Over Time the novel The Publishing Primer Marketing Magic is hosted by the authors of The Making of a Bestseller: Success Stories from Authors and the Editors, Agents and Booksellers Behind Them ,

The Publishing Primer: A Blueprint for an Author's Success

and the novel, Over Time, Love, Money, and Football: All the Important Things in Life.


QUESTION: Is it worth investing in small book tours from state to state, doing bookstore signings? My book comes out in the summer of 2007 and am willing to invest in a Greyhound bus pass to zoom around my State and the ones next to it to book signings, but is it a valid investment or just a vanity rush for me?
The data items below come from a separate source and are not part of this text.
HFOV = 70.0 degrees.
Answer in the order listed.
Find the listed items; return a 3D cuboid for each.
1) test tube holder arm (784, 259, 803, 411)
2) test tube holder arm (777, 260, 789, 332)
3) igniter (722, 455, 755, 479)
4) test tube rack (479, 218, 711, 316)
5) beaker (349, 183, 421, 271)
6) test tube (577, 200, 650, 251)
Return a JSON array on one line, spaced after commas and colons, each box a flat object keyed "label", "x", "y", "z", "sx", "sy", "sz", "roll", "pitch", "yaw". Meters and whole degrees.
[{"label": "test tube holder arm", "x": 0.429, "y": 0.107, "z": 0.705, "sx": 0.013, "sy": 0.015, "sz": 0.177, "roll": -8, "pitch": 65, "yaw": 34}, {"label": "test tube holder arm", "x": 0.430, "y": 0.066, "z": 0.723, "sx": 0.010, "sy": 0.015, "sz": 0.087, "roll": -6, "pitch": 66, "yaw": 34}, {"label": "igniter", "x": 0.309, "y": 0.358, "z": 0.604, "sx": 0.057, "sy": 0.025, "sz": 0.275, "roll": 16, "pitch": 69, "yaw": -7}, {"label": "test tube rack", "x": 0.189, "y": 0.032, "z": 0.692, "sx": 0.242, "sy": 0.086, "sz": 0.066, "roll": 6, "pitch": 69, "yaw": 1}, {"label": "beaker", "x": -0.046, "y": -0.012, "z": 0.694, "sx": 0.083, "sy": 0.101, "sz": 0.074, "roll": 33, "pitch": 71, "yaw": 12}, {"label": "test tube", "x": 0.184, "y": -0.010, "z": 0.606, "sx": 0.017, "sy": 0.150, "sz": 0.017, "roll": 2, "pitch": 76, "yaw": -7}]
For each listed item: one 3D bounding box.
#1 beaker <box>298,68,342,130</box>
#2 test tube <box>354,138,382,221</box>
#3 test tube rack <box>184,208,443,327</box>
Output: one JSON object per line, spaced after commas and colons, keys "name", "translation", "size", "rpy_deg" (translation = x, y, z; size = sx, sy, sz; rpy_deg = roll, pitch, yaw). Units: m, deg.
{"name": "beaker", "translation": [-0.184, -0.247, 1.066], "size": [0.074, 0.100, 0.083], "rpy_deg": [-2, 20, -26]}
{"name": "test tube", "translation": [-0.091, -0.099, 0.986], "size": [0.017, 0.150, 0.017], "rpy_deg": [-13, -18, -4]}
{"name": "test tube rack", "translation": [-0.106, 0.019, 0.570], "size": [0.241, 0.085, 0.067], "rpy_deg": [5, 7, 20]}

publicity for book, pr agent

Answered by Stacey J. Miller, S. J. Miller Communications, Traditional Book Promotion + Online Book Promotion = Total Book Promotion http://www.bookpr.com

If you're traveling for fun, then that's great...stop off and sign a few books along the way, and meet your readers. But if you're trying to budget your resources to reach as many people as possible and let them know about your book, then stay home -- and make yourself available for interviews with the media outlets that do interviews by telephone. Events' managers at bookstores are reluctant to arrange interviews for authors who aren't celebrities. I've even had a hard time scheduling bookstore and library speaking engagements for bestselling novelists! And, if you can schedule events like these, they're bound to be disappointing in terms of sales and the numbers of attendees. So why not expend your energy doing more interviews from home or your office, and less money running yourself ragged -- unless, again, you happen to enjoy traveling and want to tour the U.S. for pleasure.

book publicity, book marketing, book reviews

Book Marketing, publicity, book reviews

Answered by Lissa Warren VP, Senior Director of Publicity, Da Capo Press Author of The Savvy Author’s Guide to Book Publicity.
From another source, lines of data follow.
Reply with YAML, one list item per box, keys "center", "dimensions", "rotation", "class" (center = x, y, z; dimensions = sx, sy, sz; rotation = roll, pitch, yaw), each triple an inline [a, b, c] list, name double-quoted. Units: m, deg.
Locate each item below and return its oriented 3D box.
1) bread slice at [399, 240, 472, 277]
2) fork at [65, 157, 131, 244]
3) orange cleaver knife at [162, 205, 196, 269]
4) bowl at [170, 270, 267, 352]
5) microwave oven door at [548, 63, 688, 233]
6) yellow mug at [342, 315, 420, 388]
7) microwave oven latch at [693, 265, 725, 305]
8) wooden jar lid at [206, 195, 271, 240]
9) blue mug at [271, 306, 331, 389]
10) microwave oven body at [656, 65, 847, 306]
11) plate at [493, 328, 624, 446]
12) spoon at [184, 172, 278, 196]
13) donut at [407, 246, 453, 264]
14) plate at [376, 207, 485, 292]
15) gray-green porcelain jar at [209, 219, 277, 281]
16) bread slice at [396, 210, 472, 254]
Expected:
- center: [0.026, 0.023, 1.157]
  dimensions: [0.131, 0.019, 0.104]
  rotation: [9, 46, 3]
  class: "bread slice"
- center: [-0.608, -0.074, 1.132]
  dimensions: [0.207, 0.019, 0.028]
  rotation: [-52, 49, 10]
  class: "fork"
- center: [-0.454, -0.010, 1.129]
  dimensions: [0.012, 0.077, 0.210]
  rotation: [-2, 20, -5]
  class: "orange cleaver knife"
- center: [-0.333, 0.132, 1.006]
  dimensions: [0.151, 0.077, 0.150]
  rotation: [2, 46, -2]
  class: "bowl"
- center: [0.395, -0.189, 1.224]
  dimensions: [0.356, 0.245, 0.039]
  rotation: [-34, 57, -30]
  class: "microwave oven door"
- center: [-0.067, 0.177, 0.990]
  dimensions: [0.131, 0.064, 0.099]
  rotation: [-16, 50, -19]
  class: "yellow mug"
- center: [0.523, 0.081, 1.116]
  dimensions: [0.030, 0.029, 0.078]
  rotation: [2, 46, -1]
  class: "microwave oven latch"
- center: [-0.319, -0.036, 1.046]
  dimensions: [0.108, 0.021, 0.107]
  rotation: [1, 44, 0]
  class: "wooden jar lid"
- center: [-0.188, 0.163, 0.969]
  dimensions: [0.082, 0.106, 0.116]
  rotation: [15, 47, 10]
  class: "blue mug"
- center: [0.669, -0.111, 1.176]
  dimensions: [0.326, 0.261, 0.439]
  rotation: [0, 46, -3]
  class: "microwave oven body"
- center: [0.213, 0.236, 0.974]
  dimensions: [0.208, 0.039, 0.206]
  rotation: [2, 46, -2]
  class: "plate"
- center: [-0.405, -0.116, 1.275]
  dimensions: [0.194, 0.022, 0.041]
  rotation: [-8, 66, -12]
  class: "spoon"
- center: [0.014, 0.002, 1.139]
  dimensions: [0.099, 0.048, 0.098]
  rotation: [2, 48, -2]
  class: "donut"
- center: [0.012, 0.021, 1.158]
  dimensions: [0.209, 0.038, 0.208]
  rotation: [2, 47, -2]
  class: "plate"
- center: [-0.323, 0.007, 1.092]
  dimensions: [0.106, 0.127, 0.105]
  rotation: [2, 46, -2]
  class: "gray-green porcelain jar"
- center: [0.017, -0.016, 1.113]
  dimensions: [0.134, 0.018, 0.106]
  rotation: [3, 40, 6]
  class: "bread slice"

Smart of you to be asking this question instead of just jumping into a tour (as many authors do). The honest answer is, it depends on the book.

Some books can really benefit from a tour. They help most novels, memoirs, biographies, histories, and books on current affairs. Health and self-help and business generally don't draw as well. Even if your book falls into one of the first categories, you may not be able to draw a big crowd at your events. That said, it's still a chance for you to meet the booksellers who will be hand-selling your book. It means the stores will purchase additional copies of your book and display them in a special way in the days before and after the event. They may do some special signage for your book. They may make it a "staff pick." They may play it up in their newsletter or on their website. And all of these things help your book get noticed by the consumer.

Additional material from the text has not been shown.